Royal Navy steps up testing of Quantum technology sending it under the sea 06/11/2025 | Gabriele Molinelli

The Royal Navy’s experimental / testbed submarine XV EXCALIBUR (built by MSubs in Plymouth under Project CETUS) has been tested at sea with Infleqtion’s quantum optical atomic clock. It is the first time a device of this king has been operated on an underwater vessel. This follows earlier, diverse trials the Royal Navy carried out with Quantum devices for precision timing and navigation aboard surface ships.  

Infleqtion’s clock, baptized TIQKER, has demonstrated precision timing onboard the extra-large uncrewed underwater vessel, proving reliable through multiple dives. The use of the ultra-accurate, unjammable timing ensured by a laboratory-grade time reference device enables accurate navigation in the absence of vulnerable GPS or other outside signals.
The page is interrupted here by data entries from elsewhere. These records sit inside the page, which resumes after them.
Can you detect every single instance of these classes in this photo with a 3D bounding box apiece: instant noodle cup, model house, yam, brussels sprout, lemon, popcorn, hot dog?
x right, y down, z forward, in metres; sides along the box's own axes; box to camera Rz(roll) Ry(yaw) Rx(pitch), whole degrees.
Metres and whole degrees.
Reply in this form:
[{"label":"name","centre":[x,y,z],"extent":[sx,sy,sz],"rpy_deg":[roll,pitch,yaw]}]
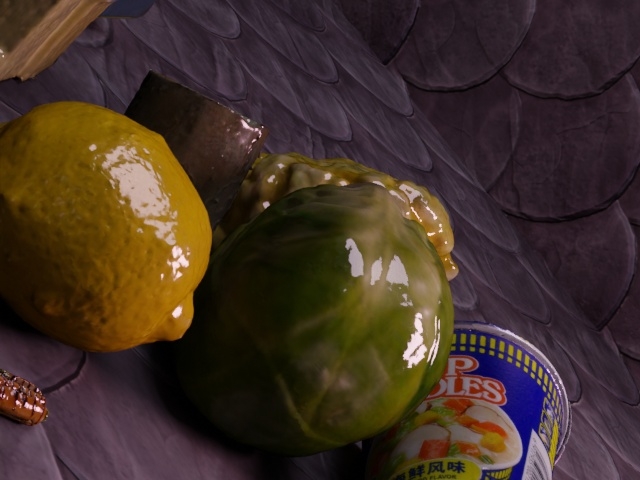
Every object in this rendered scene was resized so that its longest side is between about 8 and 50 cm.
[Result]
[{"label":"instant noodle cup","centre":[0.164,0.289,1.879],"extent":[0.284,0.284,0.312],"rpy_deg":[43,24,-14]},{"label":"model house","centre":[-0.378,-0.377,2.026],"extent":[0.261,0.266,0.321],"rpy_deg":[50,16,-4]},{"label":"yam","centre":[-0.184,-0.057,1.796],"extent":[0.161,0.268,0.161],"rpy_deg":[30,13,-7]},{"label":"brussels sprout","centre":[0.004,0.081,1.789],"extent":[0.281,0.289,0.354],"rpy_deg":[45,37,-19]},{"label":"lemon","centre":[-0.233,-0.013,1.591],"extent":[0.288,0.233,0.233],"rpy_deg":[51,16,2]},{"label":"popcorn","centre":[0.011,-0.007,2.121],"extent":[0.292,0.294,0.334],"rpy_deg":[58,0,26]},{"label":"hot dog","centre":[-0.293,0.134,1.430],"extent":[0.122,0.037,0.049],"rpy_deg":[32,18,-46]}]

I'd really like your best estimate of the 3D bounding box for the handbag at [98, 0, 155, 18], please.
[{"label":"handbag","centre":[-0.340,-0.490,2.387],"extent":[0.222,0.263,0.241],"rpy_deg":[-15,63,-43]}]

The clock can provide a steady “time heartbeat” smoothing out the noise that causes navigation drift, enabling precision navigation over prolonged periods of time without access to outside world signals. The ultra-precise timing of a quantum clock also provides precise onboard reference for other critical submarine systems such as sonar, fire control, and secure communications, improving mission performance.

The XV EXCALIBUR, along with the surface ship XV PATRICK BLACKETT, are key “floating laboratories” being used to shape the Royal Navy future plans in terms of autonomous systems and high-tech solutions. It is hoped EXCALIBUR will lead more or less directly to the anticipated “Type 93 CHARIOT” uncrewed submarine imagined as part of Project CABOT / ATLANTIC BASTION for a persistent ASW barrier in the North Atlantic.

The development of TIQKER had been revealed publicly early in 2025 with the first tests outside of a laboratory environment. Operational applications of TIQKER were, at the time, planned to materialize within 5 years.

While the main interest was for its use in remote radar-based positioning, tracking, and targeting applications, it was reported the clock would also be used in support of identifying, tracking, and targeting one-way attack (OWA) UAVs and UAV swarms.

The UK has a national programme to develop a ground-based PNT alternative to GPS and other jammable satellites, and quantum clocks will probably play a key role. The “enhanced LORAN (eLoran)” solution is a positioning system that uses a network of ground-based transmitters operating within the 90–110 kHz low-frequency band.

The core eLoran system as described all the way back in a 2007 paper by the International Loran Association  comprises “modernized control centers, transmitting stations and monitoring sites. eLoran transmissions are synchronized to an identifiable, publicly-certified, source of Coordinated Universal Time (UTC) by a method wholly independent of GNSS. This allows the eLoran Service Provider to operate on a time scale that is synchronized with but operates independently of GNSS time scales. Synchronizing to a common time source will also allow receivers to employ a mixture of eLoran and satellite signals.

The principal difference between eLoran and traditional Loran-C is the addition of a data channel on the transmitted signal. This conveys application-specific corrections, warnings, and signal integrity information to the user’s receiver. It is this data channel that allows eLoran to meet the very demanding requirements of landing aircraft using non-precision instrument approaches and bringing ships safely into harbor in low-visibility conditions. eLoran is also capable of providing the exceedingly precise time and frequency references needed by the telecommunications systems that carry voice and internet communications”.